梅琳就是不用法術,單靠肉搏,也絕對可以硬撼一名大騎士的。
就在安東惶恐的目光中,梅琳已經飛起一腳正中對方的襠部分……一陣蛋蛋的憂傷不可抑制地令安東發出一聲狼嚎般的吼聲,他下意識地雙手捂襠,上身下俯。
梅琳打的是連擊,動作不停,一腳落地后,借勢上前,右膝猛然提起,正好與安東的臉部下來了個親密接觸……就像是兩索肉的互撞,發出一聲沉悶的響起,安東的頭部猛然后仰,臉上已經是一片血肉模糊,,人已經昏迷不醒,連叫都叫不出來了。
砰!
梅琳得理不饒人,一個沖天炮砸在安東的下巴上……確實很痛,但至少安東此時醒了,而且很配合地大聲慘叫起來。
“沒用的垃圾囂張跋扈有何意義?”
梅琳心中雖然沒有了殺意,但也沒有就此放過對方的道理……五指伸開,由拳變掌,噼里啪啦的不停亂打對方的耳光。

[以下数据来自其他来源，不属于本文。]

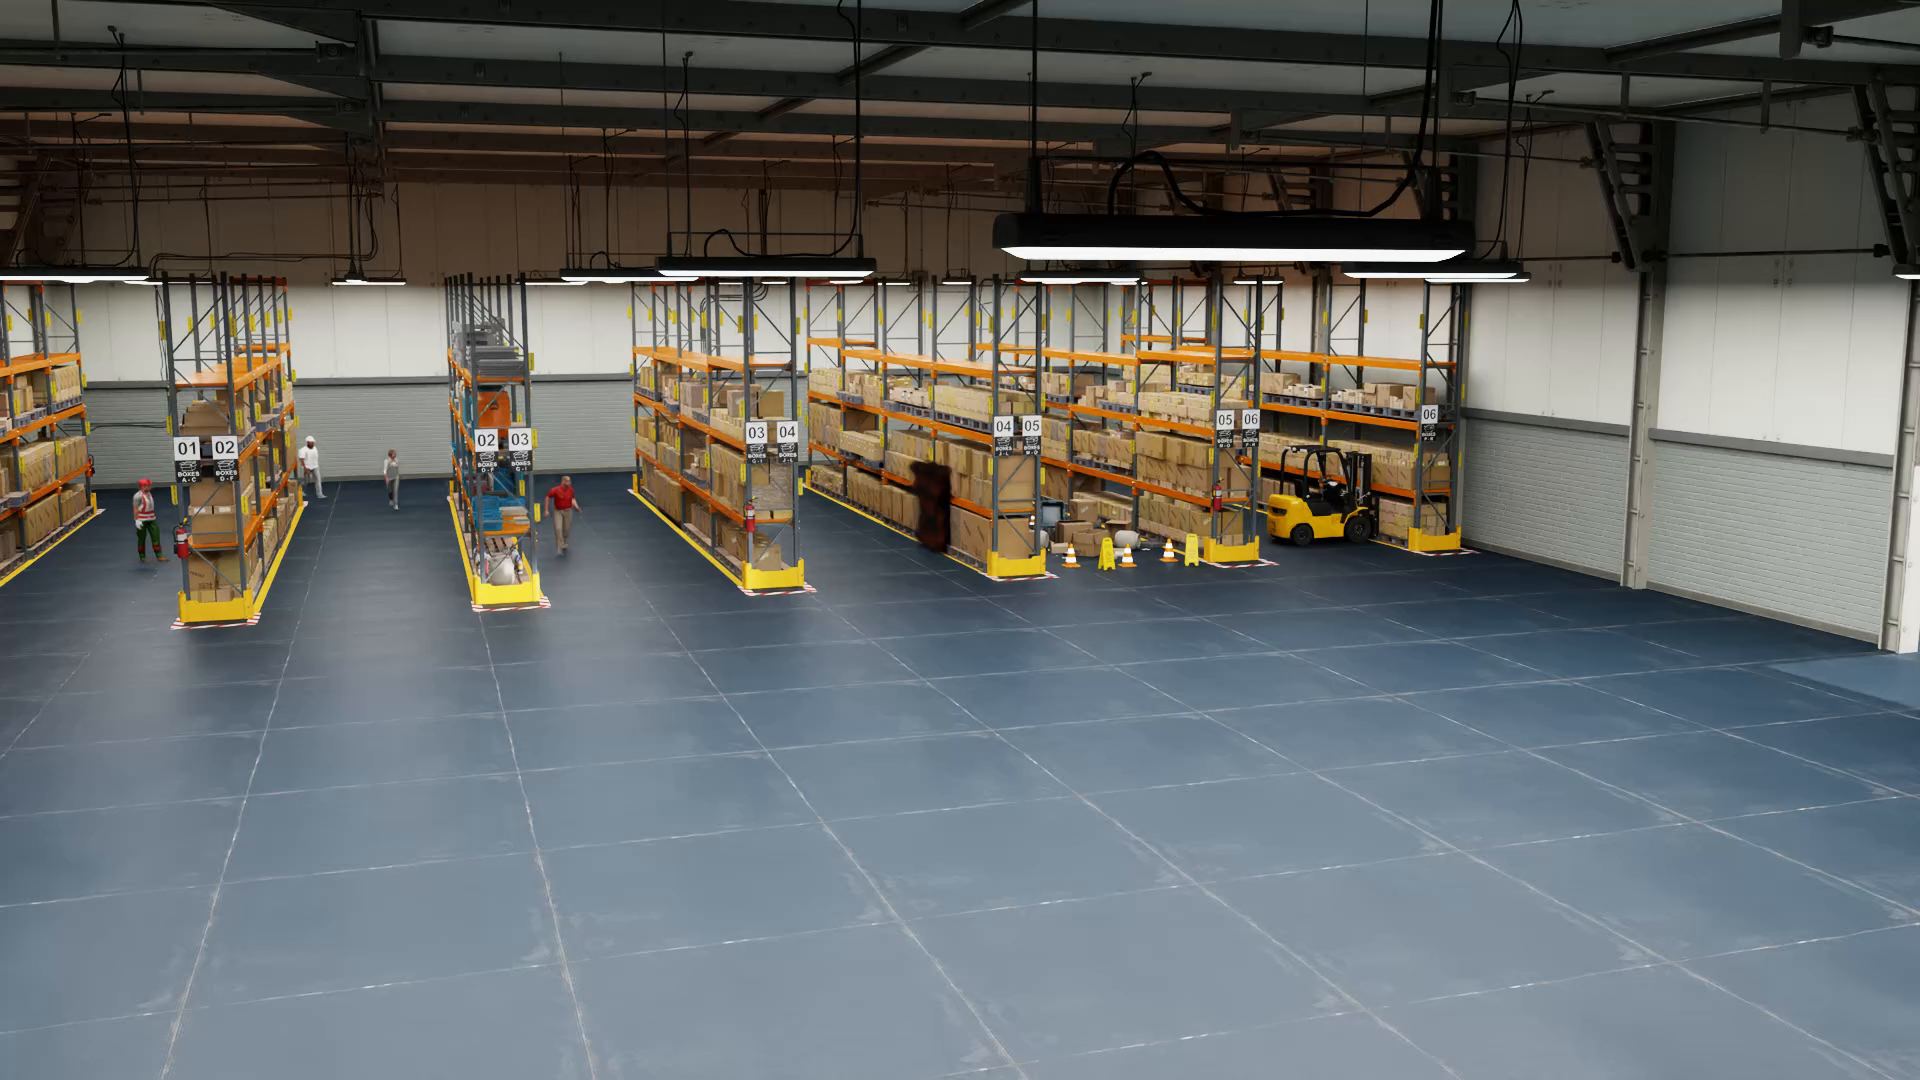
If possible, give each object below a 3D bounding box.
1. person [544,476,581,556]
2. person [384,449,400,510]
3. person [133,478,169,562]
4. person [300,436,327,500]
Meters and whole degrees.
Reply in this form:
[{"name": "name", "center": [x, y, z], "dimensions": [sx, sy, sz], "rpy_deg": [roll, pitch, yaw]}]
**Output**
[{"name": "person", "center": [-8.686, -0.560, 36.338], "dimensions": [0.777, 1.713, 0.974], "rpy_deg": [-3, 9, -18]}, {"name": "person", "center": [-14.846, -1.596, 43.457], "dimensions": [0.402, 1.546, 0.823], "rpy_deg": [-3, 9, -20]}, {"name": "person", "center": [-17.066, -0.404, 34.892], "dimensions": [0.639, 1.781, 0.549], "rpy_deg": [6, 10, 34]}, {"name": "person", "center": [-17.723, -1.967, 45.443], "dimensions": [1.026, 1.729, 0.616], "rpy_deg": [7, 11, 40]}]
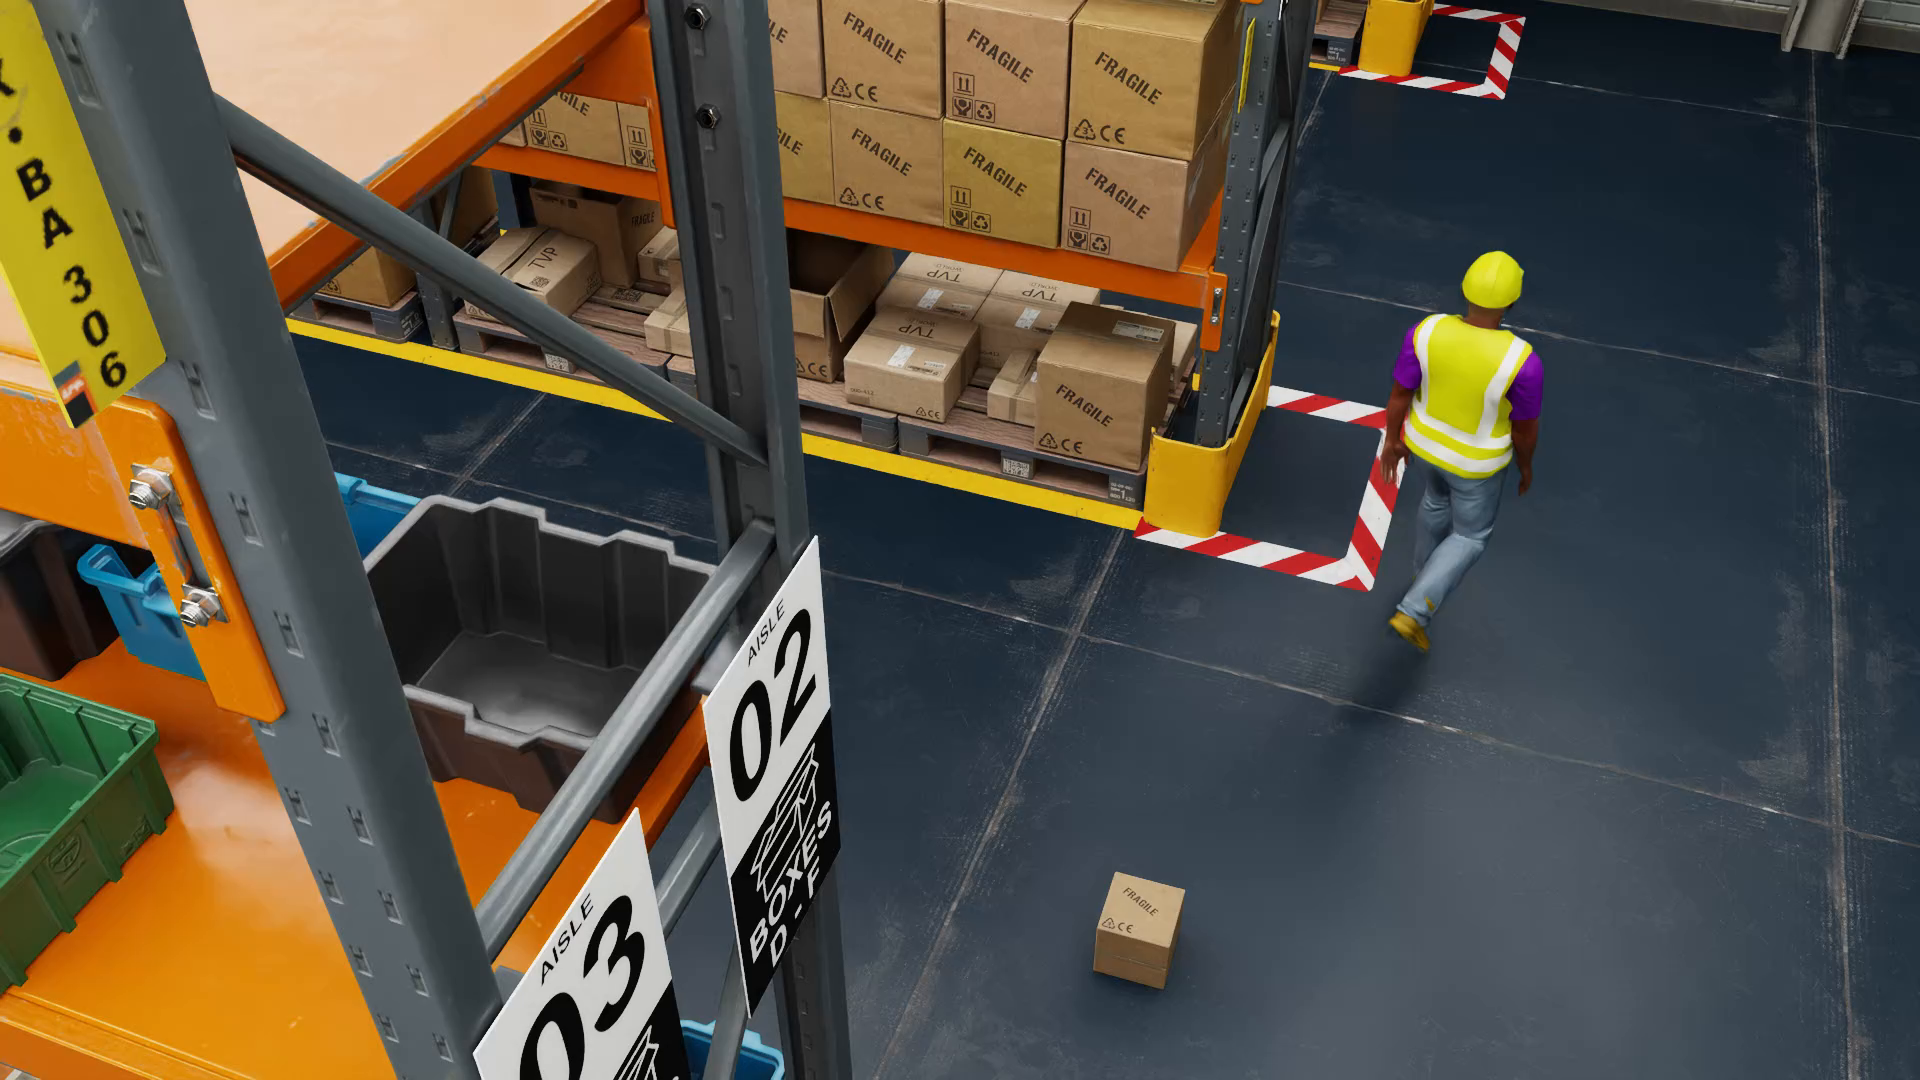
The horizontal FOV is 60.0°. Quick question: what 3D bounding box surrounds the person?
[{"bbox_3d":[-6.153,-0.926,7.180,13.641,1.730,10.569,31,50,31],"label":"person"}]

其動作之快,簡直有如電光火石一般,這二十來記耳光下去,可憐一位三級魔法師,這雙頰已紅腫得跟豬頭一般。
隨后梅琳又一腳揣像他的胸膛將這沒用的家伙踢倒在地上,順便袖袍一裹,將他手中的沙鷲之眼奪過來了。
倒不是貪圖對方的寶物,她手上有黑暗精靈王煉制的巫杖,根本看不上這一根。不過,這個沙鷲之眼還是有幾分特殊的,比較有研究價值。
整個過程說起來繁復,其實不過幾息的功夫,圍觀的魔法師們,一個二個都目瞪口呆了。
一是想不到目空一切的沙鷲家族的少主,居然膿包到如此地步;二是堂堂三級魔法師斗法,怎么詭異得仿佛市井無賴打架。
沒有絢爛的法術,更不見使用什么魔化物品,沙鷲之眼雖然拿出,但根本卻沒有發揮半點用途。若不是親眼目睹,這種事情隨便誰講與他們聽都不會有人相信。
“少主!”
安東的追隨者不由得大驚失色,埃里克性情殘暴以極,對這位直系血親的孫子卻寵愛無比,否則也不會砸下無數藥劑,讓他晉升至三級魔法師。
若是少主在這里陌落,他們不敢想象后果,恐怕每一個都會求生不得,求死不能。
可面對這位女魔法師,連少主也一個回合就被打倒了,她們這些一級魔法師,又有什么反抗的余地呢?
好在梅琳雖然不是什么善人,但對這樣的膿包,卻也提不起什么殺意的,反正以她的修為,也不怕區區沙鷲老祖的報復,故而那位少主,在被打成豬頭以后,倒也幸運的將小命保住了。
其實梅琳也有些詫異,這一戰贏得簡直輕松之極,她如今雖然外表是二級魔法師,但已經可以使用三級魔力,就算是對上安東的祖父埃里克,也有一戰之力,更別說是安東了。
“滾!”
看著這個一臉慘相的家伙,梅琳心里一陣厭惡,殺了他沒得污了自己的雙手……就這么一個窩囊廢,難道還怕他報復。
安東驚又怒,眼中滿是怨毒,但更多的卻是恐懼……這家伙雖囂張跋扈慣了,但到底還沒有白癡到不知死活,眼前的女惡徒,顯然不是自己可以招惹的。